Aftab Alam

Personal information
- Born: 30 November 1992 (age 33) Nangarhar, Afghanistan
- Batting: Right-handed
- Bowling: Right-arm fast
- Role: All-rounder

International information
- National side: Afghanistan;
- ODI debut (cap 17): 16 February 2010 v Canada
- Last ODI: 22 June 2019 v India
- ODI shirt no.: 55
- T20I debut (cap 20): 24 March 2012 v Ireland
- Last T20I: 22 August 2018 v Ireland
- T20I shirt no.: 55

Domestic team information
- 2017: Speen Ghar Tigers
- 2020: Dambulla Viiking
- 2025: Durbar Rajshahi

Career statistics
| Competition | ODI | T20I | FC | LA |
| Matches | 27 | 12 | 8 | 50 |
| Runs scored | 80 | 2 | 129 | 223 |
| Batting average | 11.42 | 1 | 10.75 | 12.38 |
| 100s/50s | 0/0 | 0/0 | 0/0 | 0/0 |
| Top score | 16* | 1* | 36 | 33 |
| Balls bowled | 1,257 | 245 | 1,143 | 2,383 |
| Wickets | 41 | 11 | 17 | 69 |
| Bowling average | 25.19 | 29.45 | 35.05 | 29.10 |
| 5 wickets in innings | 0 | 0 | 2 | 0 |
| 10 wickets in match | 0 | 0 | 0 | 0 |
| Best bowling | 4/25 | 2/23 | 6/38 | 4/25 |
| Catches/stumpings | 6/– | 3/– | 7/– | 13/– |

Medal record
Representing Afghanistan
Men's Cricket
Asian Games
| Silver medal – second place | 2010 Guangzhou | Team |
- Source: Cricinfo, 21 July 2022

= Aftab Alam (Afghan cricketer) =

Afghan cricketer (born 1992)

Aftab Alam (born 30 November 1992) is an Afghan international cricketer. He made his One Day International (ODI) debut for the Afghanistan national cricket team in early 2010. Alam has been known for his right-arm fast bowling. He made his first-class debut for Mis Ainak Region in the 2017–18 Ahmad Shah Abdali 4-day Tournament on 13 November 2017.

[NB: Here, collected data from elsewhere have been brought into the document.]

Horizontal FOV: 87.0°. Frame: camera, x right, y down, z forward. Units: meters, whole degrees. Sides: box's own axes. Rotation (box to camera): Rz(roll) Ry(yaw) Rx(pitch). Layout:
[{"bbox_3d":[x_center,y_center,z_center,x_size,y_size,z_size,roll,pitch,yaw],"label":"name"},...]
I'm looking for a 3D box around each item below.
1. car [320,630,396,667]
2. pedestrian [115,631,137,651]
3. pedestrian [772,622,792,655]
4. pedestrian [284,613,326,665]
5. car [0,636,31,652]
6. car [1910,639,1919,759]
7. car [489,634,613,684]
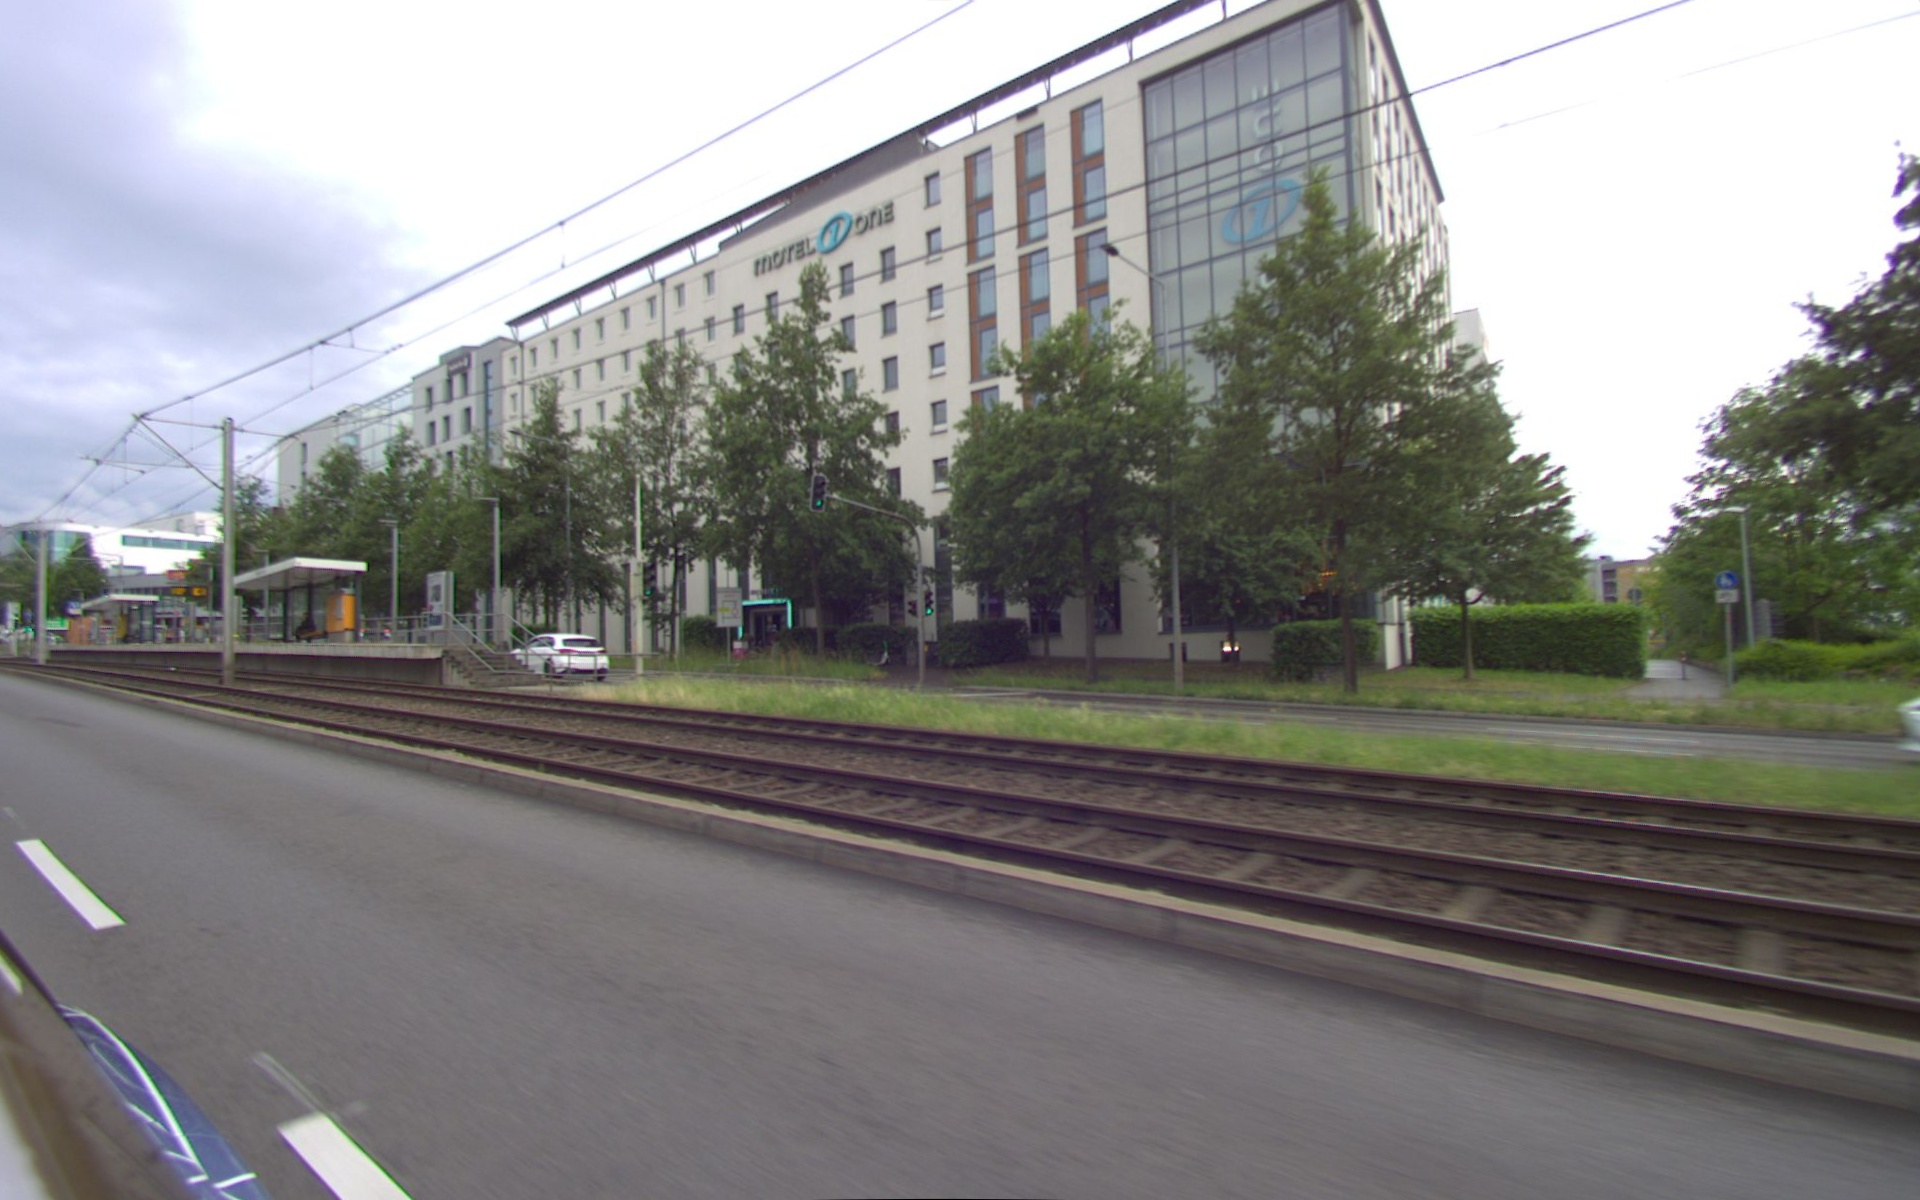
[{"bbox_3d":[-31.697,2.544,53.236,4.999,1.861,1.973,-2,-4,41],"label":"car"},{"bbox_3d":[-53.602,2.624,65.026,0.684,1.310,0.952,-3,-3,39],"label":"pedestrian"},{"bbox_3d":[-8.913,1.925,50.764,0.821,1.590,0.604,-1,-1,-30],"label":"pedestrian"},{"bbox_3d":[-26.334,1.552,40.705,1.270,2.029,1.115,-2,-1,41],"label":"pedestrian"},{"bbox_3d":[-165.713,7.727,176.288,2.262,2.649,5.448,-1,-1,20],"label":"car"},{"bbox_3d":[13.515,1.179,11.294,4.136,1.458,1.861,-2,-3,41],"label":"car"},{"bbox_3d":[-12.932,1.847,31.906,4.426,1.455,1.818,-2,-4,41],"label":"car"}]

In July 2018, he was the leading wicket-taker for Speen Ghar Region in the 2018 Ghazi Amanullah Khan Regional One Day Tournament, with ten dismissals in four matches.

In September 2018, he was named in Balkh's squad in the first edition of the Afghanistan Premier League tournament.

In April 2019, Alam was named in Afghanistan's squad for the 2019 Cricket World Cup. However, he was ruled out of the tournament due to "exceptional circumstances" and was replaced by Sayed Shirzad. It later emerged that he was sent home following allegations of serious misbehavior with a female guest at the team hotel in Southampton. After the tournament, the Afghanistan Cricket Board (ACB) banned Alam for one year from all cricket, following a series of incidents that took place during the Cricket World Cup. His national contract was also suspended for the mentioned period. In June 2020, the ACB confirmed that his ban had ended and that he had joined the national team at a training camp.